Objective: The aim of the present study was to verify the intra- and inter-rater reliability and agreement of the stimulus electrodiagnostic test (SET) measurements obtained by pen and square electrodes in the vastus lateralis and tibialis anterior muscles. Design: An intra- and inter-rater reliability and agreement study was performed for the SET by two independent raters. Two different sizes of cathode electrodes (1 cm2 and 25 cm2) and two muscles were assessed (tibialis anterior and vastus lateralis). Results: Chronaxie did not change according to the different electrodes. A high intra-rater reliability (0.72 ≤ r ≤ 0.88) was detected independently of the electrode and muscle assessed. Moreover, moderate and almost perfect agreements (0.51 ≤ Kappa ≤ 1.00) were detected on intra-rater assessment. Similar correlations (0.74 ≤ r ≤ 0.79) were found for intra-rater reliability. However, dissimilar inter-rater agreement was detected: Kappa ≤ 0.40 for tibialis anterior and Kappa = 1.00 for vastus lateralis.
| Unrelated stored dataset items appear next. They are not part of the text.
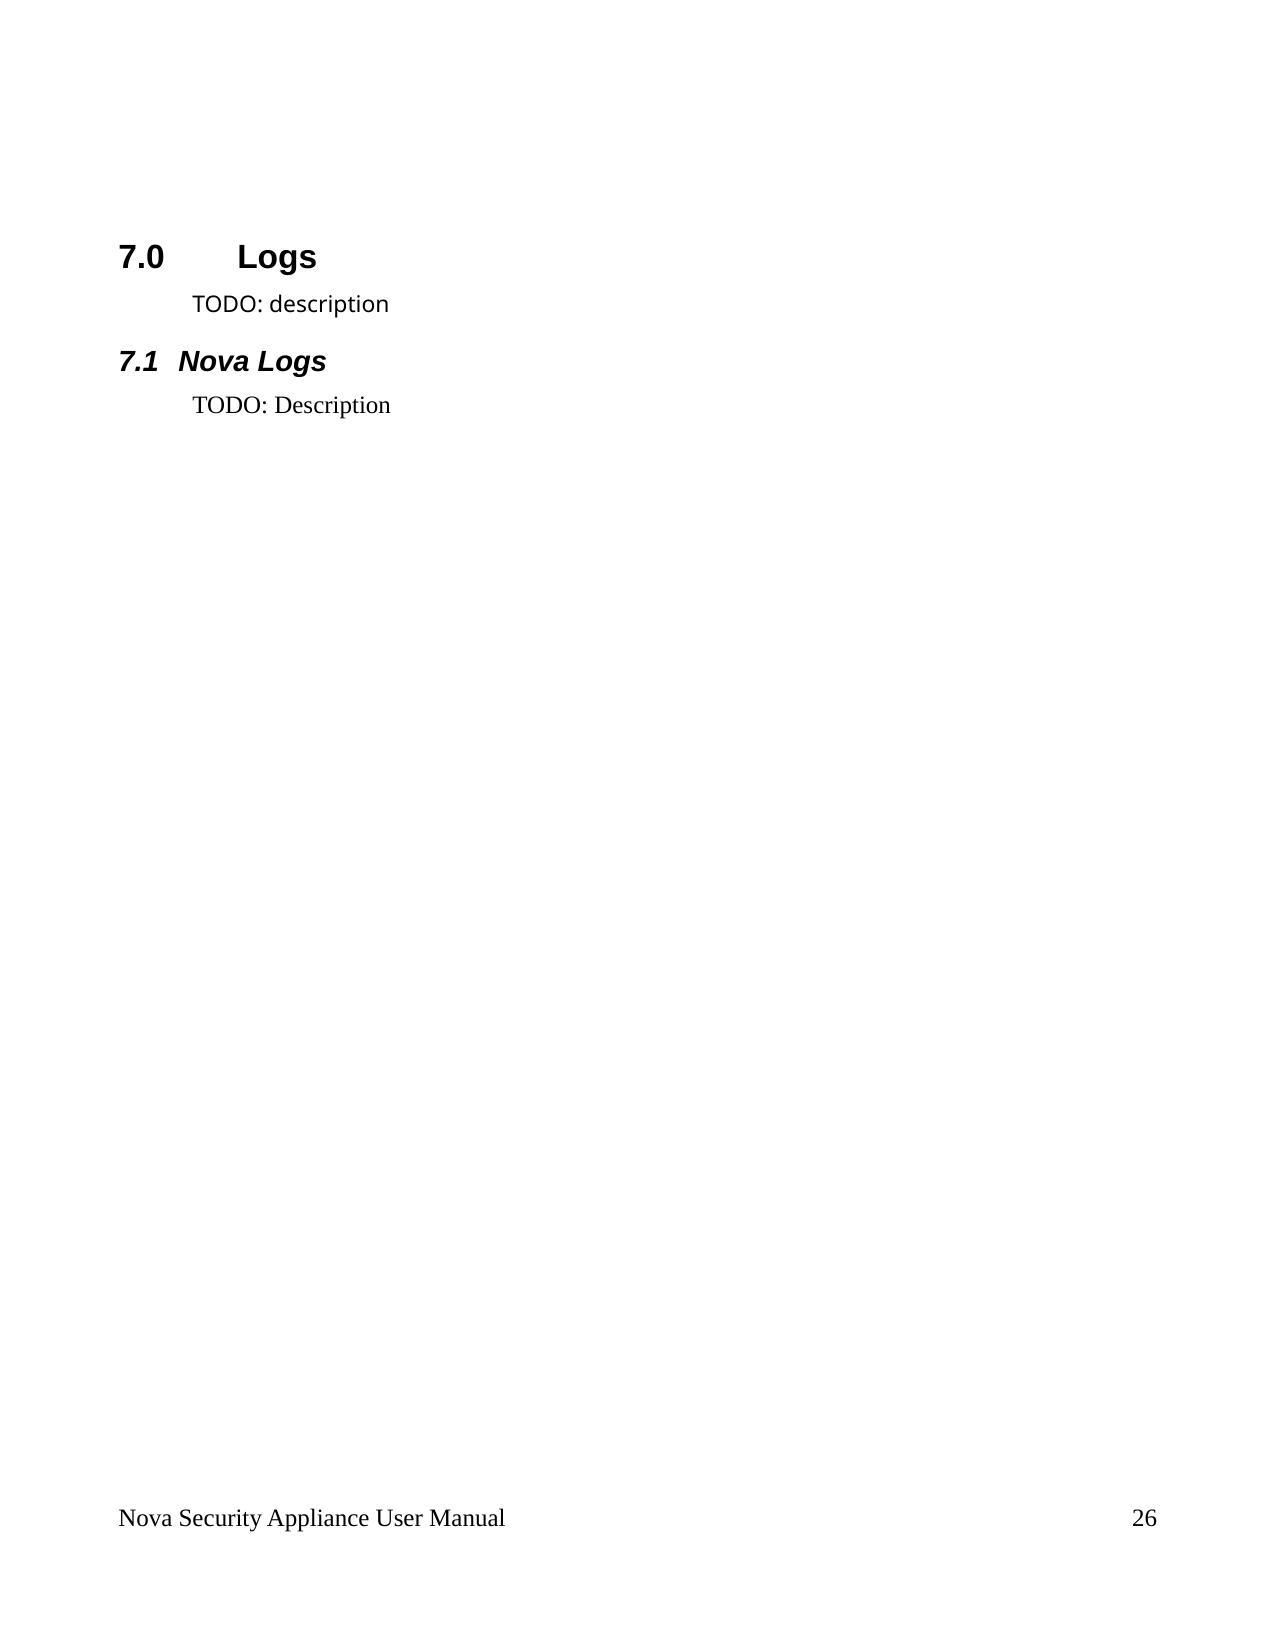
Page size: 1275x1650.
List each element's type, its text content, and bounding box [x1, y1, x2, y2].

text TODO: description [118, 288, 1157, 319]
text TODO: Description [118, 390, 1157, 419]
subtitle Nova Logs [118, 344, 1157, 378]
subtitle Logs [118, 237, 1157, 276]

Conclusion: The SET presented high reliability and moderate agreement in intra-rater evaluations. A fair agreement was found in the inter-rater assessment of the tibialis anterior. Evaluations performed with different electrode sizes did not influence the results. Therefore, the SET should be performed by a unique rater in test retest situations.
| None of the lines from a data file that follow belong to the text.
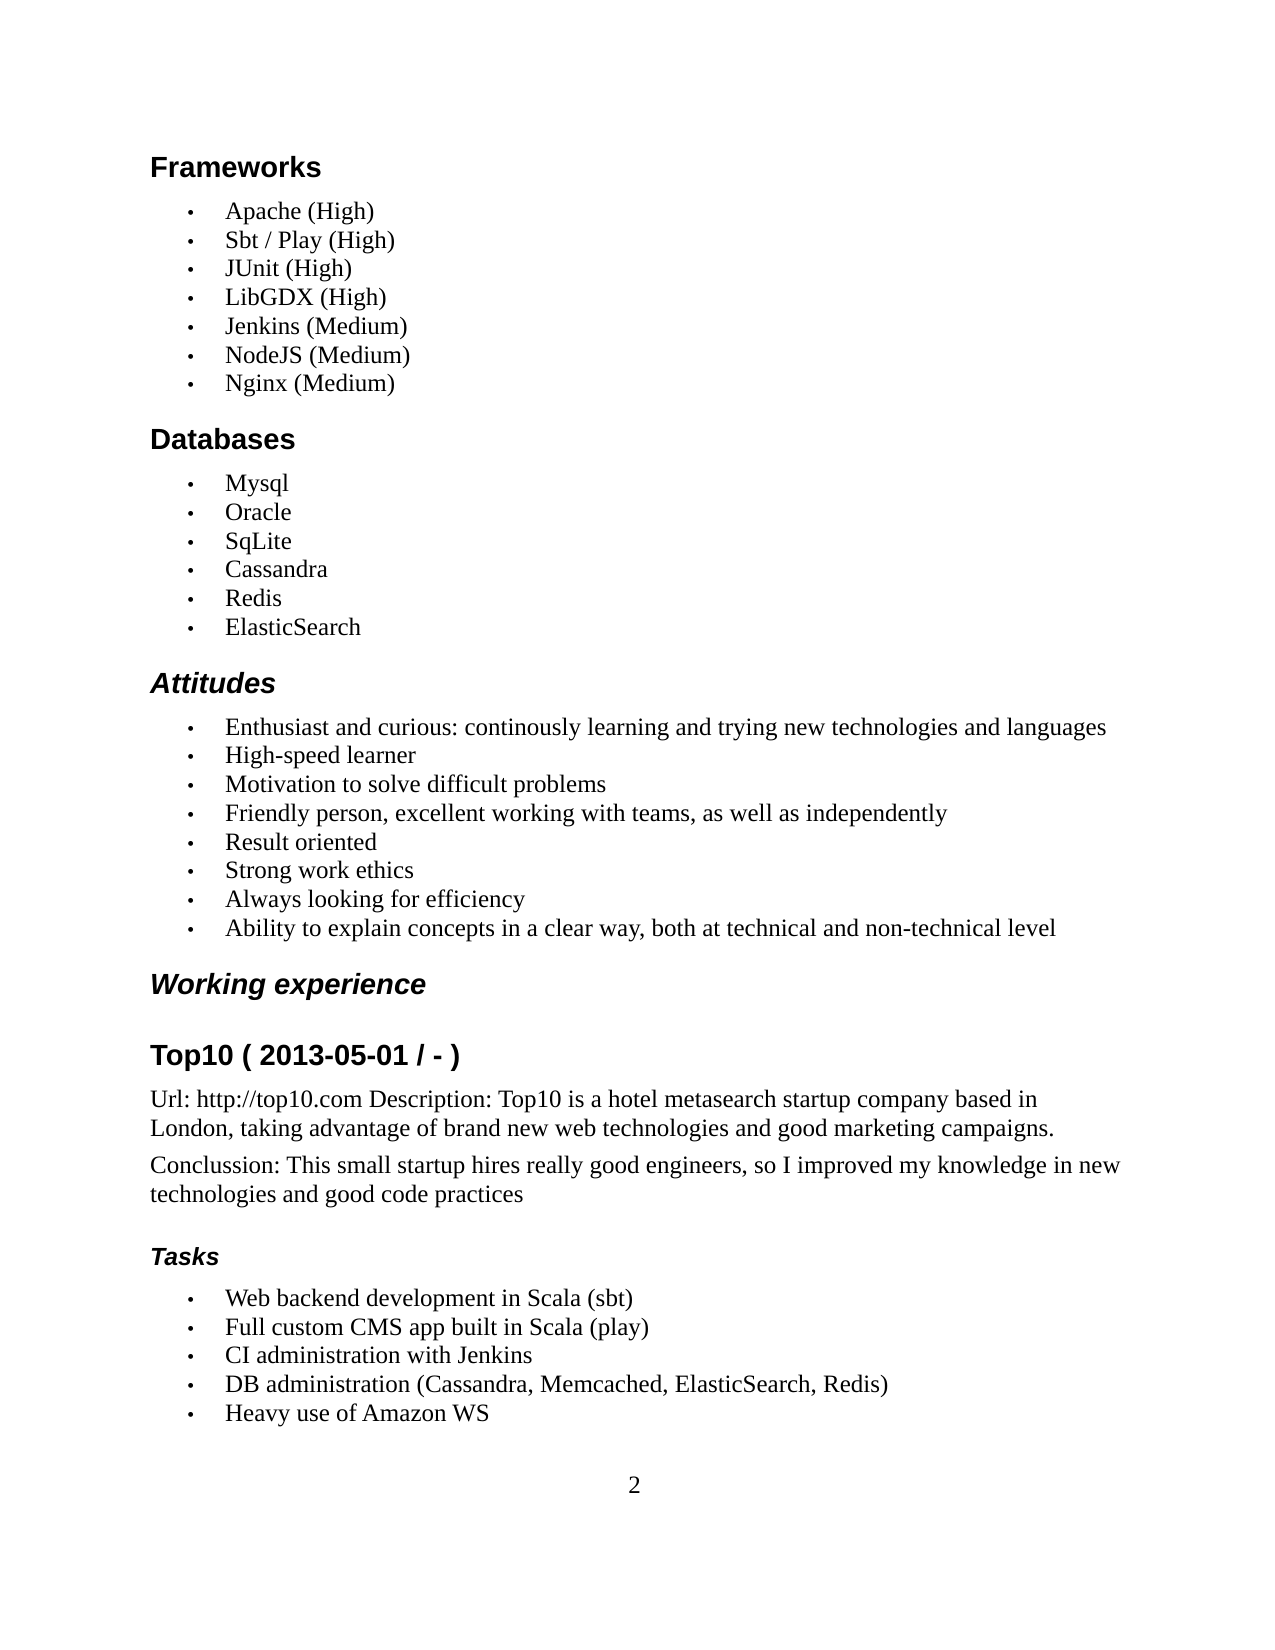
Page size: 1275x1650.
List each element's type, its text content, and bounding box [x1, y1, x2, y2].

list Enthusiast and curious: continously learning and trying new technologies and languages [187, 712, 1125, 741]
list Always looking for efficiency [187, 884, 1125, 913]
list Redis [187, 583, 1125, 612]
list High-speed learner [187, 741, 1125, 769]
list LibGDX (High) [187, 282, 1125, 311]
text Conclussion: This small startup hires really good engineers, so I improved my knowledge in new technologies and good code practices [150, 1150, 1125, 1208]
list DB administration (Cassandra, Memcached, ElasticSearch, Redis) [187, 1369, 1125, 1398]
subtitle Top10 ( 2013-05-01 / - ) [150, 1038, 1125, 1071]
list Oracle [187, 497, 1125, 526]
subtitle Attitudes [150, 666, 1125, 699]
subtitle Databases [150, 422, 1125, 456]
list Friendly person, excellent working with teams, as well as independently [187, 798, 1125, 827]
list Heavy use of Amazon WS [187, 1398, 1125, 1427]
list ElasticSearch [187, 612, 1125, 641]
text Url: http://top10.com Description: Top10 is a hotel metasearch startup company based in London, taking advantage of brand new web technologies and good marketing campaigns. [150, 1084, 1125, 1141]
list Strong work ethics [187, 856, 1125, 884]
list Ability to explain concepts in a clear way, both at technical and non-technical level [187, 913, 1125, 942]
list Cassandra [187, 554, 1125, 583]
list Result oriented [187, 827, 1125, 856]
subtitle Tasks [150, 1242, 1125, 1270]
list NodeJS (Medium) [187, 340, 1125, 368]
list SqLite [187, 526, 1125, 554]
list CI administration with Jenkins [187, 1340, 1125, 1369]
subtitle Working experience [150, 967, 1125, 1000]
list Mysql [187, 468, 1125, 497]
list JUnit (High) [187, 253, 1125, 282]
list Motivation to solve difficult problems [187, 769, 1125, 798]
list Apache (High) [187, 196, 1125, 225]
list Full custom CMS app built in Scala (play) [187, 1312, 1125, 1340]
list Nginx (Medium) [187, 368, 1125, 397]
subtitle Frameworks [150, 150, 1125, 183]
list Jenkins (Medium) [187, 311, 1125, 340]
list Web backend development in Scala (sbt) [187, 1283, 1125, 1312]
list Sbt / Play (High) [187, 225, 1125, 253]

Neuromuscular electrical stimulation in critically ill traumatic brain injury patients attenuates muscle atrophy, neurophysiological disorders, and weakness: a randomized controlled trial.

BACKGROUND: Critically ill traumatic brain injury (TBI) patients experience extensive muscle damage during their stay in the intensive care unit. Neuromuscular electrical stimulation (NMES) has been considered a promising treatment to reduce the functional and clinical impacts of this. However, the time needed for NMES to produce effects over the muscles is still unclear. This study primarily aimed to assess the time needed and effects of an NMES protocol on muscle architecture, neuromuscular electrophysiological disorder (NED), and muscle strength, and secondarily, to evaluate the effects on plasma systemic inflammation, catabolic responses, and clinical outcomes. METHODS: We performed a randomized clinical trial in critically ill TBI patients. The control group received only conventional physiotherapy, while the NMES group additionally underwent daily NMES for 14 days in the lower limb muscles. Participants were assessed at baseline and on days 3, 7, and 14 of their stay in the intensive care unit. The primary outcomes were assessed with muscle ultrasound, neuromuscular electrophysiology, and evoked peak force, and the secondary outcomes with plasma cytokines, matrix metalloproteinases, and clinical outcomes. RESULTS: Sixty participants were randomized, and twenty completed the trial from each group. After 14 days, the control group presented a significant reduction in muscle thickness of tibialis anterior and rectus femoris, mean of - 0.33 mm (- 14%) and - 0.49 mm (- 21%), p < 0.0001, respectively, while muscle thickness was preserved in the NMES group. The control group presented a higher incidence of NED: 47% vs. 0% in the NMES group, p < 0.0001, risk ratio of 16, and the NMES group demonstrated an increase in the evoked peak force (2.34 kg/f, p < 0.0001), in contrast to the control group (- 1.55 kg/f, p < 0.0001). The time needed for the NMES protocol to prevent muscle architecture disorders and treat weakness was at least 7 days, and 14 days to treat NED. The secondary outcomes exhibited less precise results, with confidence intervals that spanned worthwhile or trivial effects. CONCLUSIONS: NMES applied daily for fourteen consecutive days reduced muscle atrophy, the incidence of NED, and muscle weakness in critically ill TBI patients. At least 7 days of NMES were required to elicit the first significant results. TRIAL REGISTRATION: The trial was registered at ensaiosclinicos.gov.br under protocol RBR-8kdrbz on 17 January 2016.